Option 3: Pick a different recipe
Think about what else you could make with the main ingredient in a recipe. Let’s say that the meal plan you’re following this week includes buying a large pack of ground turkey to make turkey chili on Sunday and turkey tacos on Tuesday… but, your family can’t stand tacos. You could instead shift Tuesday night’s dinner idea over just a little bit, using the other half of that pack of ground turkey to make turkey burgers instead and picking up a pack of hamburger buns instead of a pack of tortillas.
My family won’t eat meatless meals
Many meal plans include a Meatless Monday option, so what do you do with a family of confirmed carnivores on these nights?
Option 1: Add some meat
If your family (or significant other) truly doesn’t think a meal is a meal without meat… compromise. Throw some chicken into a veggie pasta; add smoked sausage to a kale and white bean soup; think of it as “less meat Monday” instead.
Option 2: Let the carnivore eat leftovers
My husband eats low carb, so on nights the rest of us are eating, say, pasta and salad, he might instead enjoy a leftover chicken breast and salad. Utilizing leftovers wisely can help you stay on plan for the rest of your family, and the confirmed carnivore can often enjoy the sides with everyone else.
Option 3: Play it by ear
Some meatless meals can help ease the meat lovers in your family into the idea, so don’t dismiss Meatless Monday out of hand. My low carb, carnivorous husband will bend as far as seeing eggs as a meal — so Monday frittatas can work! Put enough cheese in anything, and my kids will ask for more — they’re both bigger fans of, say, roasted veggie tortellini bake than they are of chipotle cauliflower tacos. Try easing meat lovers into accepting vegetarian options on meal plan weeks that include heartier recipes with eggs & cheese, easing them slowly into other meatless options.
We have food allergies
It’s more important to modify a meal plan around allergies than around picky eaters, but you often have options to make meals fit your family’s needs.
Option 1: Leave it out
If you can’t tolerate the corn that’s listed as a veggie burrito bowl topping in a meal plan you’re looking at, just leave out the corn and enjoy the rest of the vegetables instead. If dairy allergies prevent you from marinating chicken in yogurt and spices, try making a dry rub out of those same spices instead so that you can enjoy similar flavors without the dairy.

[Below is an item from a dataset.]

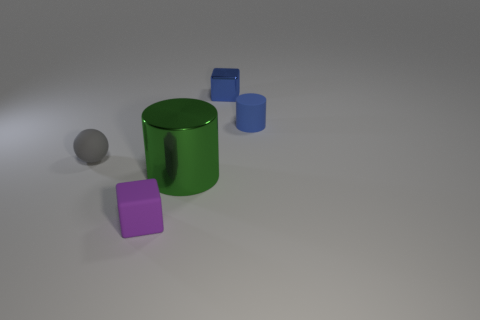There is a purple object that is the same size as the blue cylinder; what is its material? The purple object, appearing to have a matte surface akin to the blue cylinder nearby, is likely made of plastic, a common material for objects of this kind in this visual context.

Option 2: Substitute something else
If your son is allergic to peanuts but one of these week’s recipes uses peanut butter in a sauce, would almond or sunflower butter work instead? If your daughter has a corn allergy, simply substitute flour tortillas for the corn tortillas listed in your meal plan’s fish taco recipe. If your husband is gluten intolerant, use gluten free pasta in a meal plan’s penne pasta bake recipe.

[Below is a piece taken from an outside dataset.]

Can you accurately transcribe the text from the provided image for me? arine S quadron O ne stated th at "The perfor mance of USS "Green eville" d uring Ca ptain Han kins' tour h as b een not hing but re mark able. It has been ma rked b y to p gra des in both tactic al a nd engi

Option 3: Pick a different recipe
Sometimes it’s just not possible to modify a recipe to be safe for your family’s food allergies, so simply substitute a tried-and-true favorite that night and go with the meal plan’s suggestions on the nights where it works for you.
I have other foods to use up
Give yourself permission to be flexible, whether you stumble across an unexpected meat clearance sale or unearth items in your freezer that really need to be used.
Option 1: Modify recipes
Be open to modifying recipes to match what you have on hand or ingredients you spot on sale. Let’s say the meal plan you’re using this week includes a chicken fajitas recipe — but then you run across some super cheap skirt steak at the grocery store. That’s steak fajitas for everyone, right? If the meal plan you’re using this week includes an asparagus quiche, but then you spot broccoli on sale for $.49/lb at your local produce store, you might enjoy a broccoli quiche just as much.
Option 2: And now for something completely different
Let’s say you get sucked into several beautiful fresh veggies at the farmer’s market over the weekend: That makes Monday a great day for veggie stir-fry instead of vegetarian black bean chili, or makes roasted veggies a beautiful substitute for the salad suggested as tonight’s side dish. Give yourself the space to be inspired by your impulse buys or clearance finds, then use the meal plan recipes on the nights you’re less inspired.
Ingredients are more expensive or harder to find in my area
Food prices vary across the country, and often vary seasonally in different areas. Green beans might be super cheap in Illinois and make sheet pan chicken thighs with green beans a logical choice for this week’s meal plan — but might be crazy expensive or wilted this week in Arizona. Again, be open to substitutions or using local ingredients where available.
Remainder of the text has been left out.